You're building a platform for them, and they can choose to use it if it's the best tool for the job.  

Aakash Pradeep - 00:18:18  

Exactly.  

Adam - 00:18:20  

Jason asks, did you start with a central data lake and then slowly move towards a distributed model?  

Aakash Pradeep - 00:18:27  

Exactly. For small orgs, central works well. As Twilio grew to enterprise level, bottlenecks appeared with the central platform. It slowed domains. We adopted a hybrid culture with central for small teams and use cases, and bigger domains run their own systems.  

Adam - 00:19:12  

Amh asks, what exact tools or services are you using for governance?  

Aakash Pradeep - 00:19:20  

We mostly use Lake Formation-based controls. All table definitions and access are in Lake Formation. We built a tool on top for multi-account settings. We have custom implementations for approval flows using ServiceNow to orchestrate approvals and access.  

Adam - 00:20:04  

Anand asks if it's a centralized approach on top of a decentralized model.  

Aakash Pradeep - 00:20:14  

It's more like evolution. We start with central and live in a hybrid world. We push for decentralization so domains can govern. The hypothesis is domain teams know data and governance best. Central helps build platform tools, but governance strategy and compliance go to domain teams.  

Adam - 00:21:08  

James asks, how have you measured ROI and success aligned with business objectives to demonstrate value for changing architecture?  

Aakash Pradeep - 00:21:20  

Great question and hard one. Success is in customer satisfaction, speed of data movement, how much new data we onboard. One measure is how many new people onboard and new dashboards facilitated. We tie success to customer success, like AI teams building new insights and products enabled by our tools. It's a mix of these factors.  

Adam - 00:22:25  

One last from Vasant, maybe a couple more if I can squeeze in. Do you have FinOps or managed cost attribution for the platform?  

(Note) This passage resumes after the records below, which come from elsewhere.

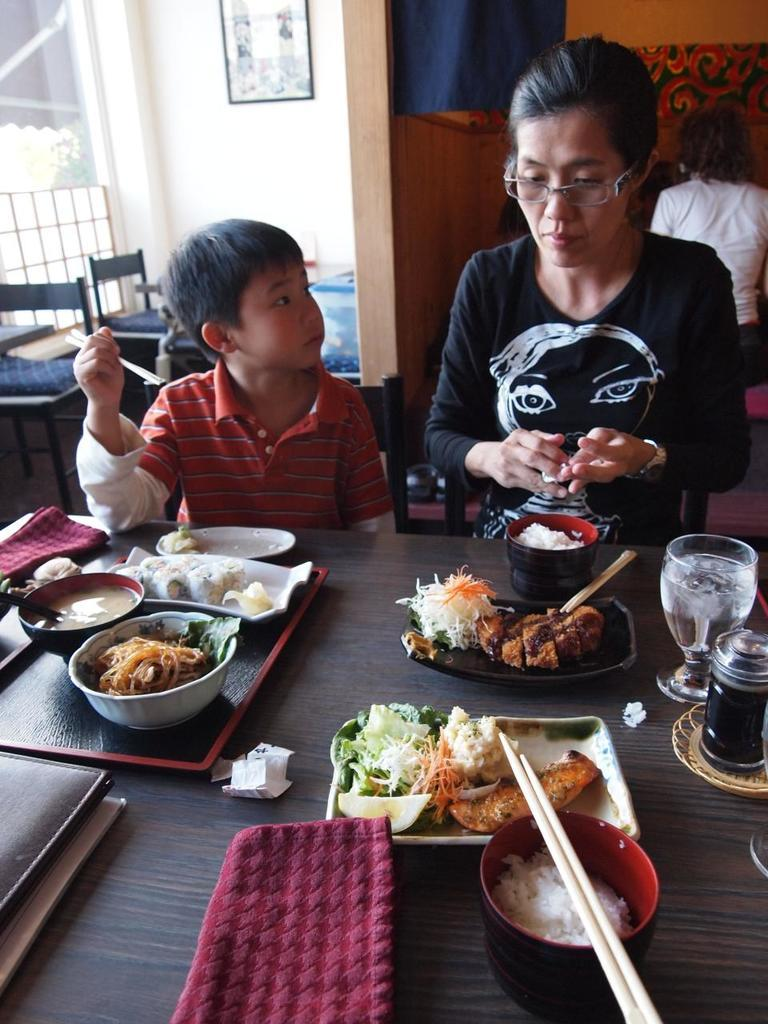What is present in the image that people typically use for eating or placing items? There is a table in the image. Who can be seen in the image? There is a woman and a boy in the image. What are the woman and boy doing in the image? The woman and boy are seated in front of the table. What is on the table that they might be using during their activity? There is food and glasses on the table. How many cats can be seen playing with the structure in the image? There are no cats or structures present in the image. What type of house is visible in the background of the image? There is no house visible in the image; it only shows a table, a woman, a boy, and items on the table. 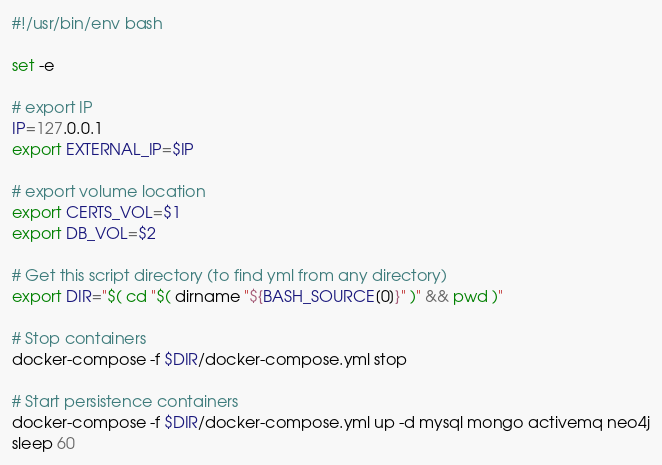Convert code to text. <code><loc_0><loc_0><loc_500><loc_500><_Bash_>#!/usr/bin/env bash

set -e

# export IP
IP=127.0.0.1
export EXTERNAL_IP=$IP

# export volume location
export CERTS_VOL=$1
export DB_VOL=$2

# Get this script directory (to find yml from any directory)
export DIR="$( cd "$( dirname "${BASH_SOURCE[0]}" )" && pwd )"

# Stop containers
docker-compose -f $DIR/docker-compose.yml stop

# Start persistence containers
docker-compose -f $DIR/docker-compose.yml up -d mysql mongo activemq neo4j
sleep 60
</code> 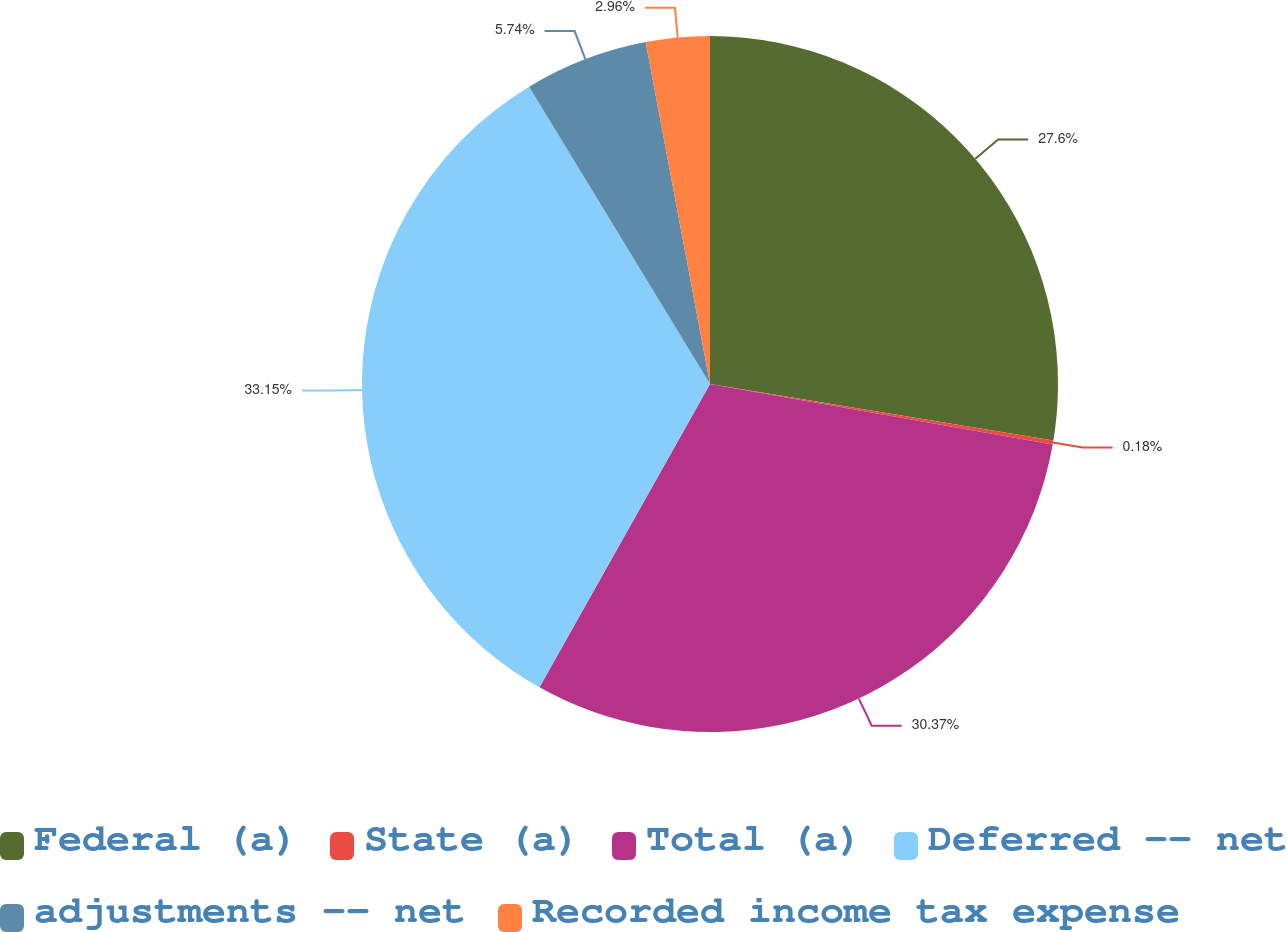Convert chart to OTSL. <chart><loc_0><loc_0><loc_500><loc_500><pie_chart><fcel>Federal (a)<fcel>State (a)<fcel>Total (a)<fcel>Deferred -- net<fcel>adjustments -- net<fcel>Recorded income tax expense<nl><fcel>27.6%<fcel>0.18%<fcel>30.37%<fcel>33.15%<fcel>5.74%<fcel>2.96%<nl></chart> 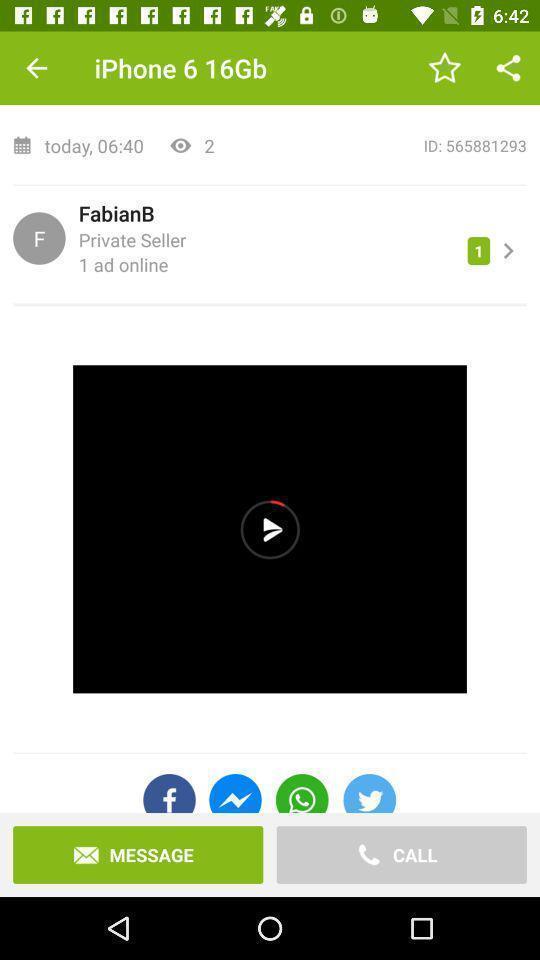Describe the content in this image. Screen page with message and call options. 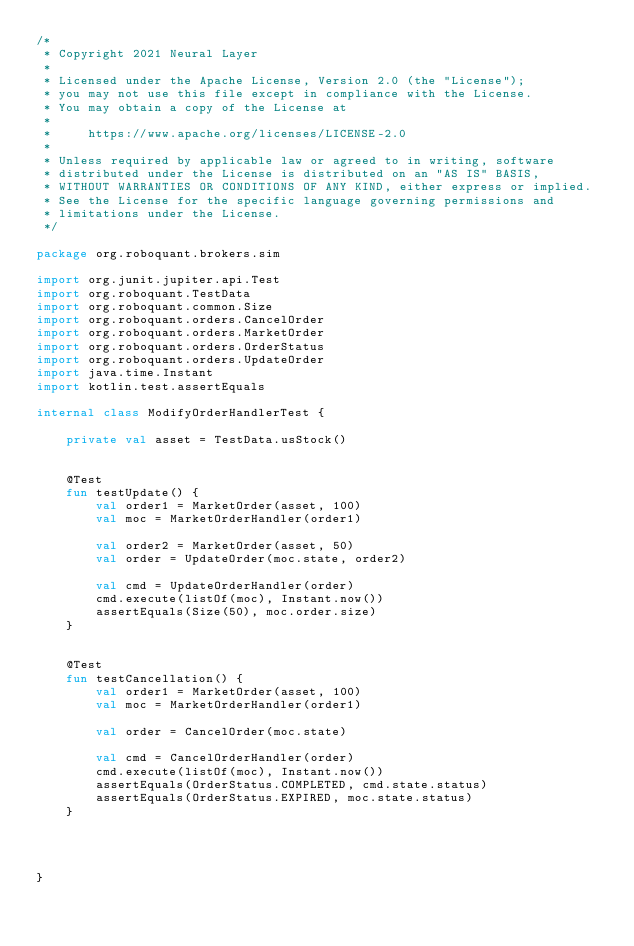<code> <loc_0><loc_0><loc_500><loc_500><_Kotlin_>/*
 * Copyright 2021 Neural Layer
 *
 * Licensed under the Apache License, Version 2.0 (the "License");
 * you may not use this file except in compliance with the License.
 * You may obtain a copy of the License at
 *
 *     https://www.apache.org/licenses/LICENSE-2.0
 *
 * Unless required by applicable law or agreed to in writing, software
 * distributed under the License is distributed on an "AS IS" BASIS,
 * WITHOUT WARRANTIES OR CONDITIONS OF ANY KIND, either express or implied.
 * See the License for the specific language governing permissions and
 * limitations under the License.
 */

package org.roboquant.brokers.sim

import org.junit.jupiter.api.Test
import org.roboquant.TestData
import org.roboquant.common.Size
import org.roboquant.orders.CancelOrder
import org.roboquant.orders.MarketOrder
import org.roboquant.orders.OrderStatus
import org.roboquant.orders.UpdateOrder
import java.time.Instant
import kotlin.test.assertEquals

internal class ModifyOrderHandlerTest {

    private val asset = TestData.usStock()


    @Test
    fun testUpdate() {
        val order1 = MarketOrder(asset, 100)
        val moc = MarketOrderHandler(order1)

        val order2 = MarketOrder(asset, 50)
        val order = UpdateOrder(moc.state, order2)

        val cmd = UpdateOrderHandler(order)
        cmd.execute(listOf(moc), Instant.now())
        assertEquals(Size(50), moc.order.size)
    }


    @Test
    fun testCancellation() {
        val order1 = MarketOrder(asset, 100)
        val moc = MarketOrderHandler(order1)

        val order = CancelOrder(moc.state)

        val cmd = CancelOrderHandler(order)
        cmd.execute(listOf(moc), Instant.now())
        assertEquals(OrderStatus.COMPLETED, cmd.state.status)
        assertEquals(OrderStatus.EXPIRED, moc.state.status)
    }




}</code> 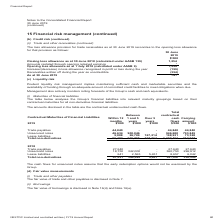From Nextdc's financial document, What were the maturity groupings of the Group's financial liabilities? The document contains multiple relevant values: Within 12 months, Between 1 and 5 years, Over 5 years. From the document: "Between 1 and 5 years Over 5 years Between 1 and 5 years Over 5 years Contractual Maturities of Financial Liabilities Within 12 months..." Also, What was the assumption behind the cash flows for unsecured notes? the early redemption options would not be exercised by the Group.. The document states: "The cash flows for unsecured notes assume that the early redemption options would not be exercised by the Group...." Also, What was the value of lease liabilities maturing between 1 and 5 years in 2019? According to the financial document, 26,709 (in thousands). The relevant text states: "900,046 - 946,680 793,849 Lease liabilities 5,008 26,709 167,214 198,931 73,328 Total non-derivatives 96,482 926,755 167,214 1,190,451 912,017..." Additionally, Which financial liabilities in 2019, maturing within 12 months, was the greatest? According to the financial document, Unsecured notes. The relevant text states: "Trade payables 44,840 - - 44,840 44,840 Unsecured notes 46,634 900,046 - 946,680 793,849 Lease liabilities 5,008 26,709 167,214 198,931 73,328 Total non-de..." Also, can you calculate: What was the 2019 percentage change in carrying amount of total non-derivatives? To answer this question, I need to perform calculations using the financial data. The calculation is: (912,017 - 330,594) / 330,594 , which equals 175.87 (percentage). This is based on the information: "otal non-derivatives 47,031 344,565 5,451 397,047 330,594 non-derivatives 96,482 926,755 167,214 1,190,451 912,017..." The key data points involved are: 330,594, 912,017. Also, can you calculate: What was the 2019 percentage change in total contractual cash flows of total non-derivatives? To answer this question, I need to perform calculations using the financial data. The calculation is: (1,190,451 - 397,047) / 397,047 , which equals 199.83 (percentage). This is based on the information: ",328 Total non-derivatives 96,482 926,755 167,214 1,190,451 912,017 6,042 Total non-derivatives 47,031 344,565 5,451 397,047 330,594..." The key data points involved are: 1,190,451, 397,047. 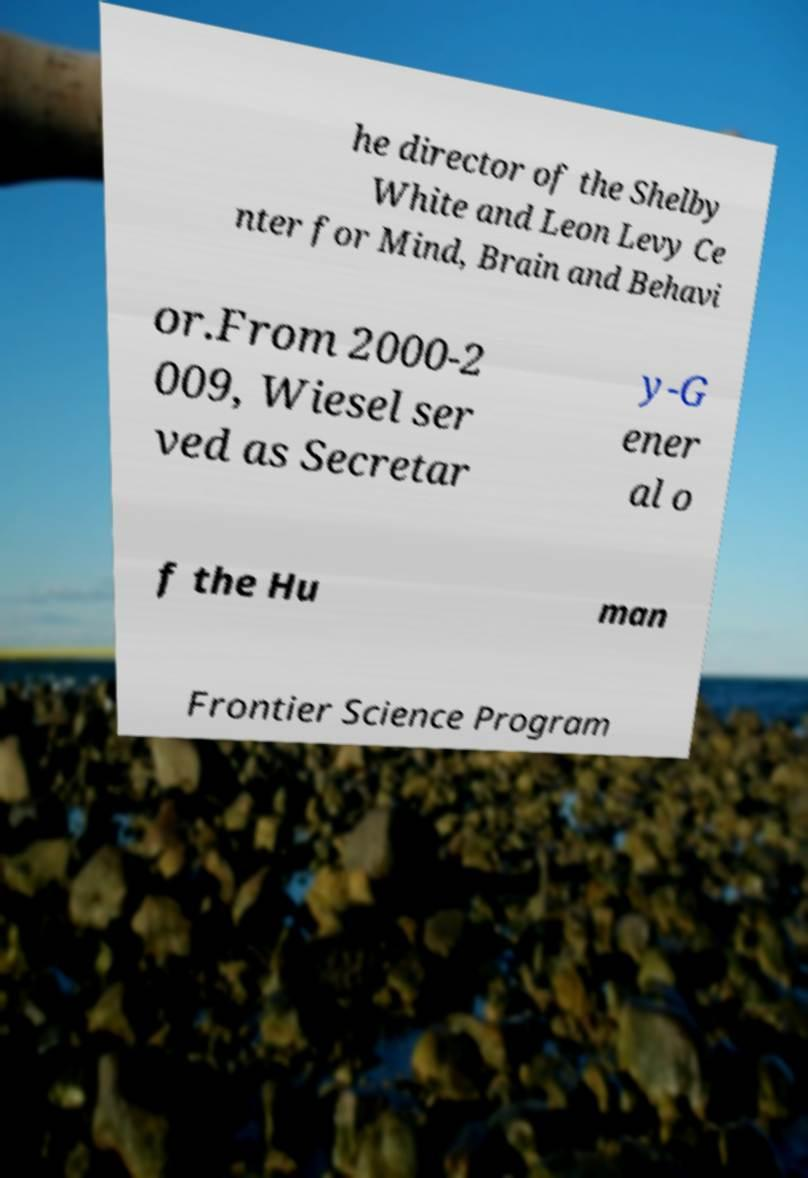For documentation purposes, I need the text within this image transcribed. Could you provide that? he director of the Shelby White and Leon Levy Ce nter for Mind, Brain and Behavi or.From 2000-2 009, Wiesel ser ved as Secretar y-G ener al o f the Hu man Frontier Science Program

Aakash Pradeep - 00:22:35  

We are looking into that. If you move to domains, cost attribution is easier. Data mesh pushes data quality and maintenance to domain teams, so cost attribution for maintaining datasets is on domains. Central team cost attribution is complicated due to multi-tenancy. With data mesh, it's easier to quantify domain costs for data availability. Let me know if you want to follow up.  

Adam - 00:23:27  

We gotta get going for the next stage, but I want to say the conversation with you both earlier and now seeing that system diagram inspires me. I want to sit down with you for two or three hours, just zoom in on each piece, what exactly you mean, and to what extent domain owners have tools and ability. There are many questions to unpack. This was as long as we can make it now, but there should be a part two. Thank you very much for joining us today.